In this blog post, we will examine the role and importance of modeling and rendering techniques in maximizing realism in 3D animation and analyze how they enhance visual perfection.
Recent 3D animations give the impression of being filmed in real life thanks to their detailed three-dimensional images. This realism goes beyond simple technological advances and plays a major role in providing viewers with a more immersive visual experience. For example, even the facial expressions of characters in animations can be expressed vividly, giving viewers the illusion that they are seeing real people in front of them, rather than simply watching a video.
Unlike displaying natural images captured from real objects on a screen, creating and outputting 3D composite images requires two main processes: modeling and rendering. Modeling is the process of setting or modifying unique values related to the shape, size, spatial position, and surface characteristics of objects in a three-dimensional virtual space. This process is similar to a digital sculptor working with clay, using digital tools to adjust the shape of an object and give it detailed characteristics.
When setting the shape and size, triangles, which are usually formed by three vertices, are used. This method expresses the surface of an object as a net made up of small triangles. This method can be used to accurately express even surfaces with complex curves. The vertices of the triangles determine the shape and size of the object. The number of vertices remains unchanged even if the object is transformed, and the relative positions of the vertices remain unchanged as long as the shape of the object remains unchanged. When the object becomes larger or smaller, the distance between the vertices becomes wider or narrower.
When an object rotates or moves, the vertices rotate around the axis of rotation while maintaining the same distance between each other, or move in the same direction by the same distance. This sophisticated modeling process is essential not only for defining the basic structure of an object, but also for subsequent processes such as texturing and applying lighting effects. Each triangle that makes up the surface of an object is assigned a surface property that represents its unique color, texture, and other characteristics. These surface characteristics play an important role in vividly expressing the texture of objects. For example, defining these detailed surface characteristics is essential for realistically rendering the gloss of a metal surface or the texture of wood. Rendering is the process of creating a two-dimensional image based on the observation point, which indicates where the object is viewed from, using this data, which is information about three-dimensional objects in space.
The rendering process goes beyond simply creating images, aiming to produce more realistic scenes by taking into account the interaction of light, the position of shadows, and the effects of various light sources. The entire screen is divided into small dots called pixels, and the screen is displayed with a fixed number of pixels, with each pixel assigned a value representing its brightness, color, and other characteristics. In the rendering stage, the principle that objects appear smaller when they are farther away and larger when they are closer is used to specify the color values, thereby creating a sense of perspective. Based on values that represent surface characteristics, color values are determined by considering factors such as shadows and lighting that are created on the surface of objects due to being blocked by other objects, thereby creating a sense of three-dimensionality.

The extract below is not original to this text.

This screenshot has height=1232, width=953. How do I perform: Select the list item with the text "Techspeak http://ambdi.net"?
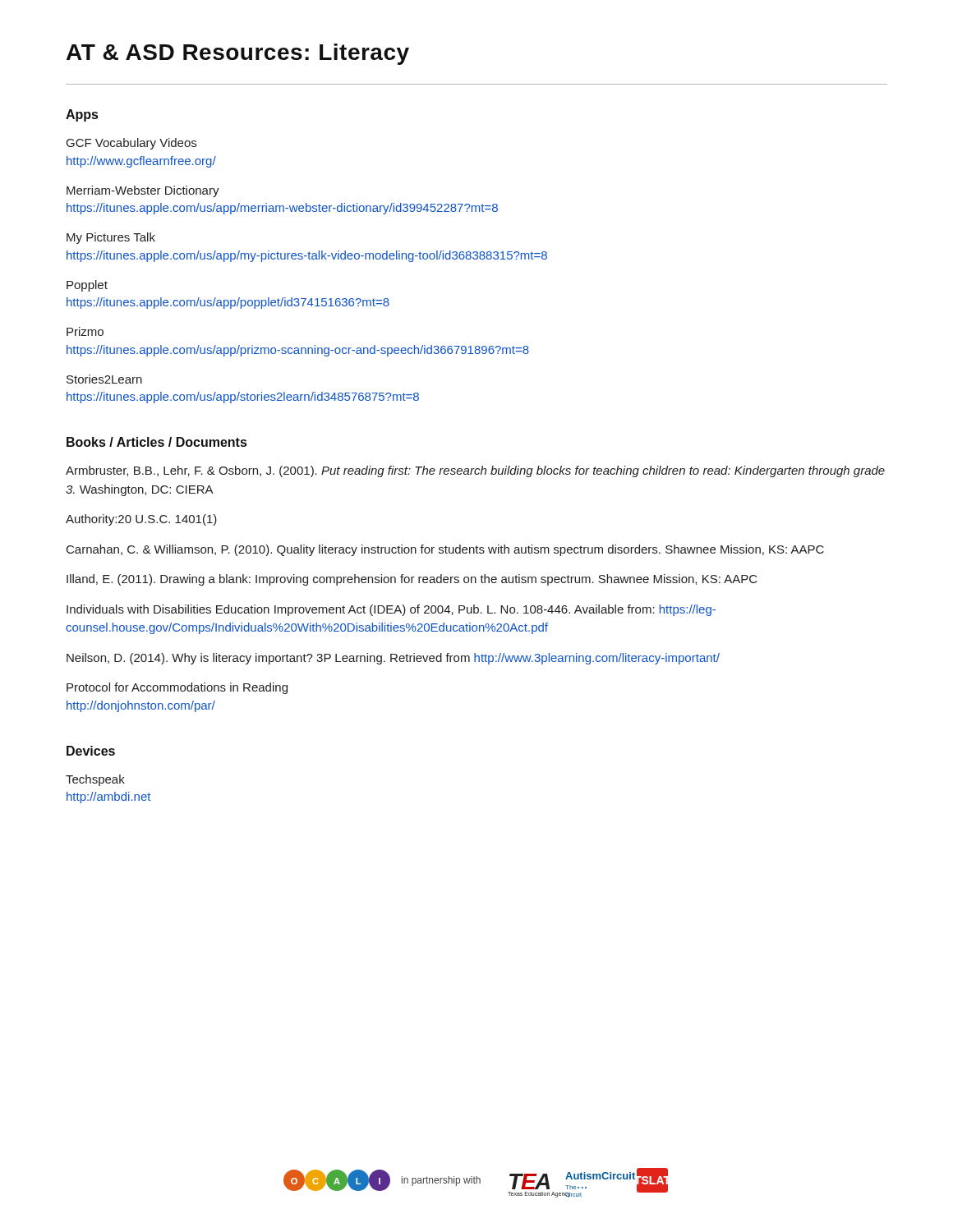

Through this sophisticated rendering process, all elements on the screen blend together naturally, giving viewers the impression that they are actually in that space. Once the shading values for all pixels that make up the screen are determined, a single frame is created. When this is displayed on a monitor via a display device, a still image is completed. Repeating modeling and rendering to create frames and displaying them in order results in a video. The video expresses vivid movements as the frames are switched so quickly that they are invisible to the naked eye. In this process, the position and size of objects and changes in lighting are calculated for each frame to achieve more natural and fluid movements. When creating a frame, after completing the calculations related to modeling, the results are used to perform calculations for rendering. At this point, the more vertices there are, the higher the resolution, and the more output pixels there are, the more calculations are required, which increases the calculation time. This means that the higher the image quality, the more calculations are required, and high-performance computer equipment and efficient calculation algorithms are essential for producing high-quality animations. The central processing unit (CPU) of a computer performs data calculations one by one in order.
Therefore, when an excessive amount of data is concentrated, a bottleneck occurs where data that has not been processed waits in line, causing frames to take a long time to complete. For this reason, various techniques are used in the animation production process to minimize bottlenecks. For example, complex calculations can be processed in advance, or the calculation process can be divided into multiple steps and distributed for processing.
Graphics processing units (GPUs), developed to complement the graphics processing capabilities of CPUs, are devices that can perform data processing, including calculations, independently. GPUs are equipped with thousands of cores, enabling large-scale parallel processing. Each core of a GPU can only perform calculations specialized for graphics and calculates at a slower speed than CPU cores. However, when the same calculation must be performed multiple times, GPUs can generate output images at high speeds. This is because GPUs transmit the data used in a single calculation to each core sequentially, and then transmit a single calculation command to all cores, allowing each core to calculate all data simultaneously, thereby shortening the calculation time. Thanks to this high-speed processing, complex visual effects in 3D animation can be realized in real time, delivering smoother and more vivid images to the audience.